Items listed in a dataset:

____

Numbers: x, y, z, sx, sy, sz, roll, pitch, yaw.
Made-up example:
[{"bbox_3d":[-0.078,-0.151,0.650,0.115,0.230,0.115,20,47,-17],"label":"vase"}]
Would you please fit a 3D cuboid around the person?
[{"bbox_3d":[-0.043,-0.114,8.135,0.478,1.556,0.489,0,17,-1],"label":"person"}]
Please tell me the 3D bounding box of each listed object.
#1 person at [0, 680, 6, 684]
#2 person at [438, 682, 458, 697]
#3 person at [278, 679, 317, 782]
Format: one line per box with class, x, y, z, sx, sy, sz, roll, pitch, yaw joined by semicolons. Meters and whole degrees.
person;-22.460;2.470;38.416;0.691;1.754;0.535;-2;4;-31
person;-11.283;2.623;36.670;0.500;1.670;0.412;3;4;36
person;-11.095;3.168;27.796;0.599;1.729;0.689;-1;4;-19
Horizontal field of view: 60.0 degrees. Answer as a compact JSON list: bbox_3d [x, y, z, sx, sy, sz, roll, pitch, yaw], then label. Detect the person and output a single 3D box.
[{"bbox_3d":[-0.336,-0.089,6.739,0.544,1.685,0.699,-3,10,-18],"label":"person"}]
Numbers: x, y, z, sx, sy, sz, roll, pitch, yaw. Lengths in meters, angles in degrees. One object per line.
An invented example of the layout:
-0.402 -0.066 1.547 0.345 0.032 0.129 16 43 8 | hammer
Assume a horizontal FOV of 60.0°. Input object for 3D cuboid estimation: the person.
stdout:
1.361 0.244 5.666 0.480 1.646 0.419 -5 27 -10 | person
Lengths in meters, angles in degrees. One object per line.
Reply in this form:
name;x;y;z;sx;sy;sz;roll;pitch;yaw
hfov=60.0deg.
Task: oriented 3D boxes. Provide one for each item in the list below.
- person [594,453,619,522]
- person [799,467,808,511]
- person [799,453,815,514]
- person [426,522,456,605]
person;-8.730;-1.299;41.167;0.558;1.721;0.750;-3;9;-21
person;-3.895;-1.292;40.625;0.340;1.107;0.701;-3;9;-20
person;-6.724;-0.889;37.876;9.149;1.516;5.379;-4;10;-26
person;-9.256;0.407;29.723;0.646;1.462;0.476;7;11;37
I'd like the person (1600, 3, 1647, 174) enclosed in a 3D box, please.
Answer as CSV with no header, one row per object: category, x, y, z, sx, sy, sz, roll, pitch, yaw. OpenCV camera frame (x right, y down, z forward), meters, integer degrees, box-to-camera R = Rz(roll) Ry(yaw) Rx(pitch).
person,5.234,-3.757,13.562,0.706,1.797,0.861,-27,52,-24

____

Wherever a line in the entries above holds "each", copy that line.

▸ The completed task:
Please tell me the 3D bounding box of each listed object.
Task: oriented 3D boxes. Provide one for each item in the list below.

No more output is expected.